Friedman's, Inc.
- Company type: Private (Public prior to 2005)
- Industry: Retail
- Founded: 1920
- Fate: Bankruptcy
- Headquarters: Savannah, Georgia
- Key people: Bradley Stinn CEO Victor Suglia CFO Morgan Schiff & Co.- Phillip Ean Cohen Sterling Brinkley
- Products: Jewelry

= Friedman's Inc. =

Friedman's Inc. was an American company that owned and operated fine jewelry specialty stores under the names Friedman's Jewelers and Crescent Jewelers. It declared bankruptcy in 2008 and had shuttered all stores by June 2008.

==History==
The company was established in Savannah, Georgia in 1920. Friedman's Inc. was headquartered in Addison, Texas. They were the third largest jewelry company in the US. Friedman's stressed value and low prices, owning the trademark "The Value Leader" and advertising "Unbeatable Values". Unlike many chain jewelers, Friedman's had many of its locations in power centers and strip malls, besides enclosed malls and outlet centers. The company had stated that they preferred locations anchored by a discounter "big box" store, almost always Wal-Mart. This fits with their core demographic of lower to middle income customers between 18 and 40.
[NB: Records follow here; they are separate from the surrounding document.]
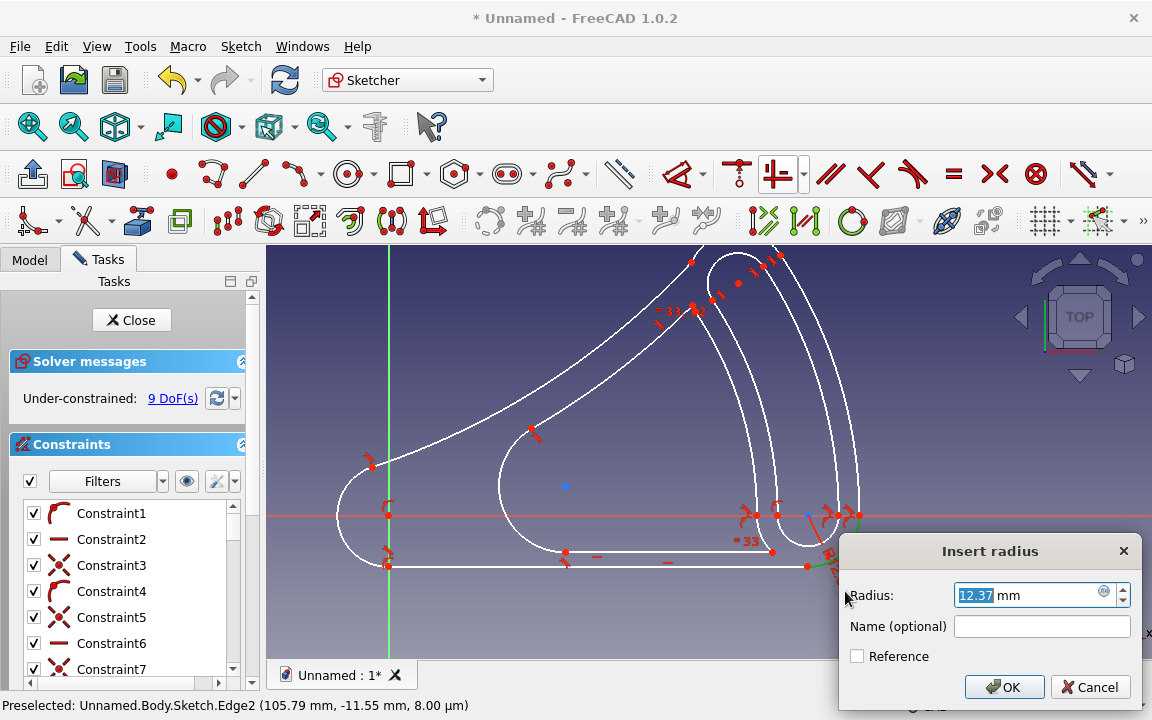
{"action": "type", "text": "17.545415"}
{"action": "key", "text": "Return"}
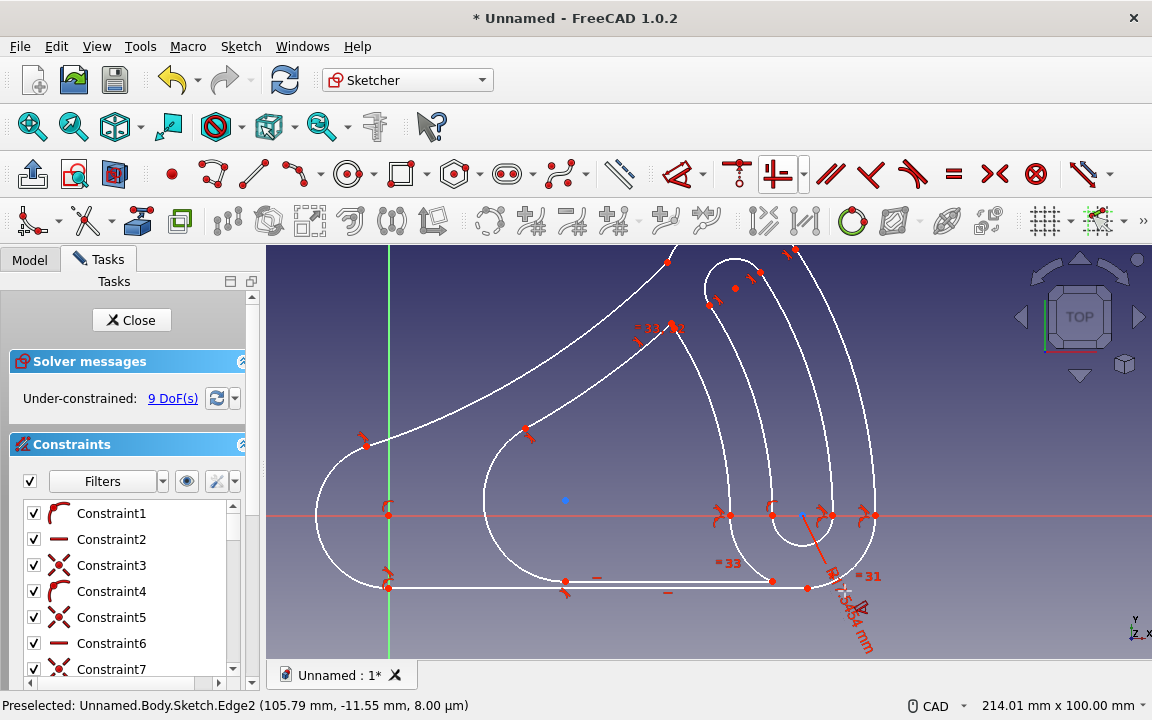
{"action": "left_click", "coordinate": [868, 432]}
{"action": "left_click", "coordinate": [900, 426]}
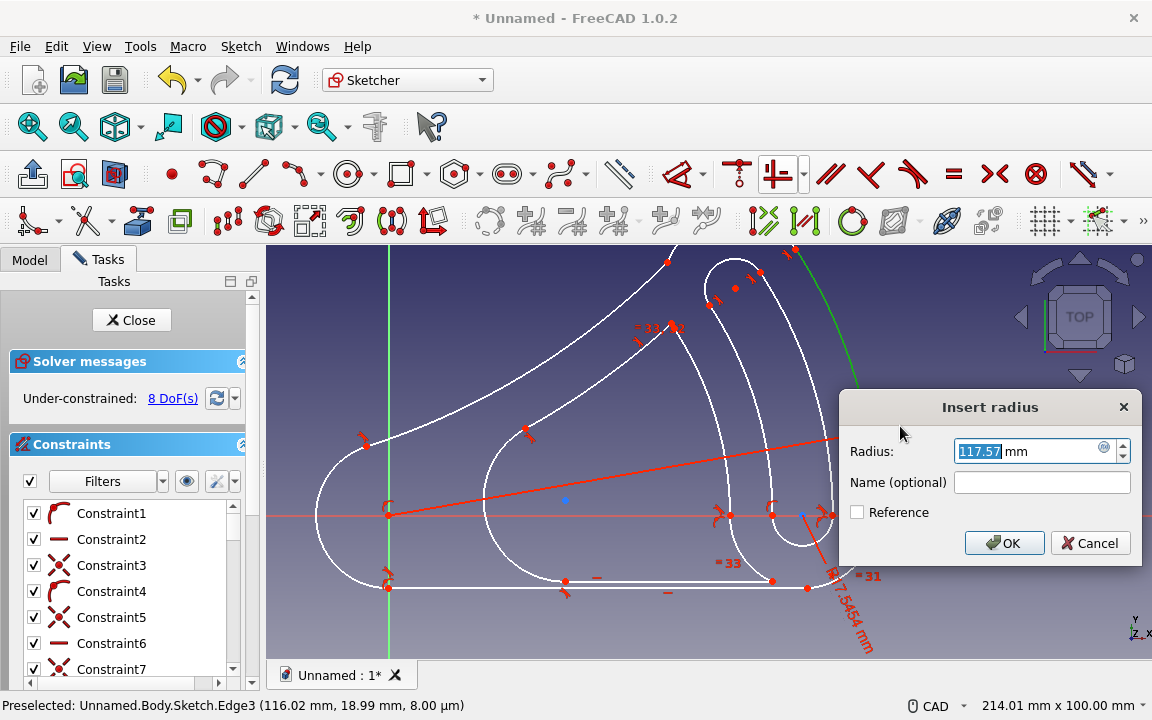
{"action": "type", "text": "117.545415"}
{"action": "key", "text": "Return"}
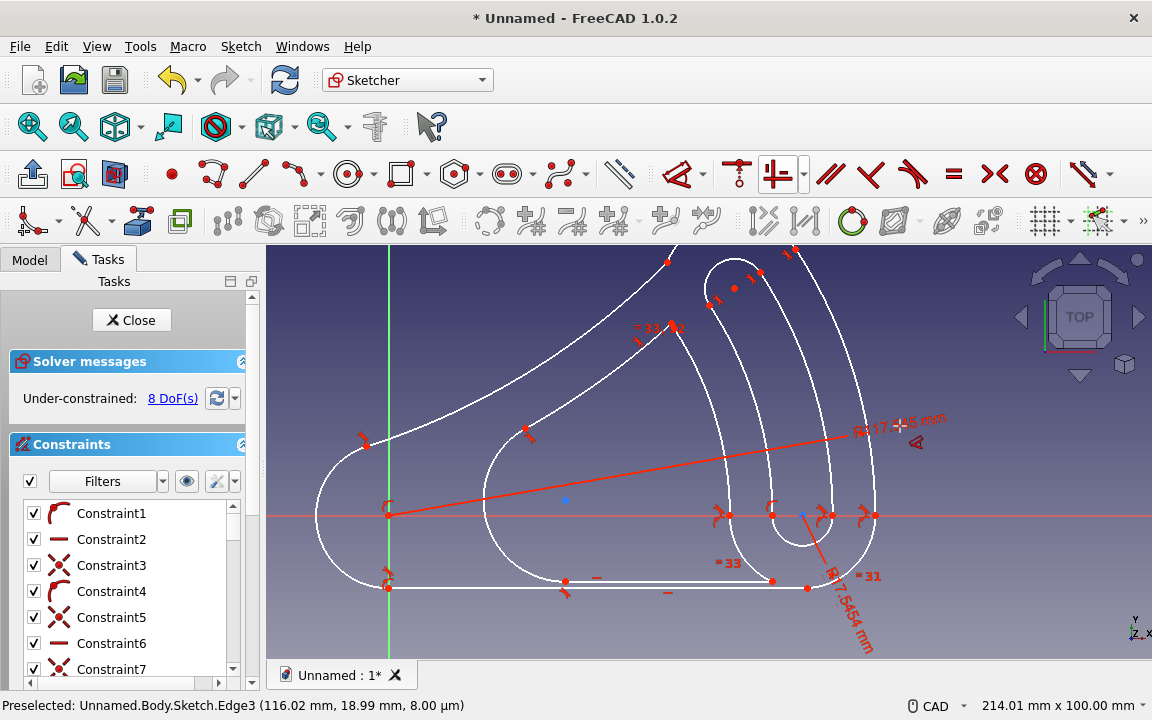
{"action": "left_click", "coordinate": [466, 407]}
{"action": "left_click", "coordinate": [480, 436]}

In 2005, Friedman's filed for Chapter 11 bankruptcy protection, and due to a second bankruptcy filing in early 2008, Friedman's and Crescent liquidated all of their stores save for a small number of locations purchased by Whitehall Jewelers Inc. for approximately 14 million dollars. Whitehall went bankrupt shortly after the purchase and began liquidating all of its stores in August 2008.

In 2009, Windsor Fine Jewelers, LLC based in Augusta, GA, purchased the trademark "Friedman's Jewelers" and opened a location in Augusta, GA. In 2017, they launched the www.friedmans.com e-commerce platform.